Towards Personalized Review Summarization by Modeling Historical Reviews from Customer and Product Separately
This work addresses the need for more accurate and personalized review summaries in E-commerce, though it is incremental as it builds on existing methods by improving how historical data is handled.
The paper tackles the problem of personalized review summarization by separately modeling historical reviews from customers and products, incorporating rating information and using a graph reasoning module with contrastive loss, achieving superior performance on four benchmark datasets.

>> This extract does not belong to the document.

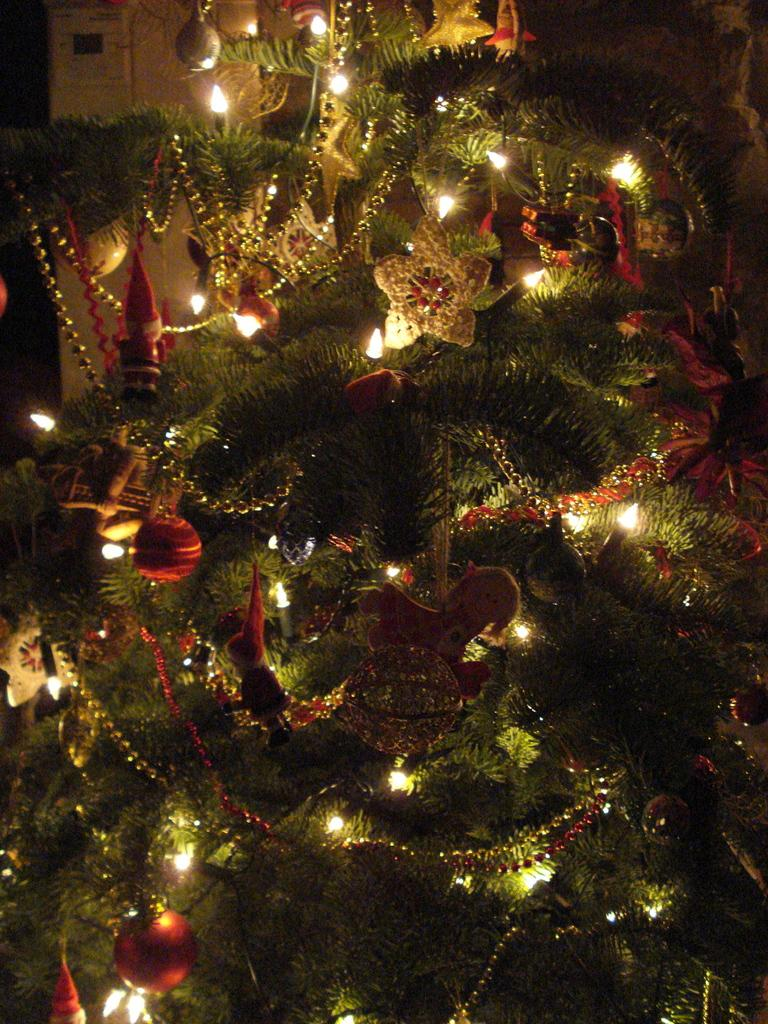What type of tree is in the image? There is a Christmas tree in the image. How is the Christmas tree decorated? The Christmas tree is decorated with lights, balls, chains, and dolls. What verse is written on the sheet of paper hanging from the Christmas tree? There is no sheet of paper or any verse mentioned in the image. The image only shows a Christmas tree decorated with lights, balls, chains, and dolls.

Review summarization is a non-trivial task that aims to summarize the main idea of the product review in the E-commerce website. Different from the document summary which only needs to focus on the main facts described in the document, review summarization should not only summarize the main aspects mentioned in the review but also reflect the personal style of the review author. Although existing review summarization methods have incorporated the historical reviews of both customer and product, they usually simply concatenate and indiscriminately model this two heterogeneous information into a long sequence. Moreover, the rating information can also provide a high-level abstraction of customer preference, it has not been used by the majority of methods. In this paper, we propose the Heterogeneous Historical Review aware Review Summarization Model (HHRRS) which separately models the two types of historical reviews with the rating information by a graph reasoning module with a contrastive loss. We employ a multi-task framework that conducts the review sentiment classification and summarization jointly. Extensive experiments on four benchmark datasets demonstrate the superiority of HHRRS on both tasks.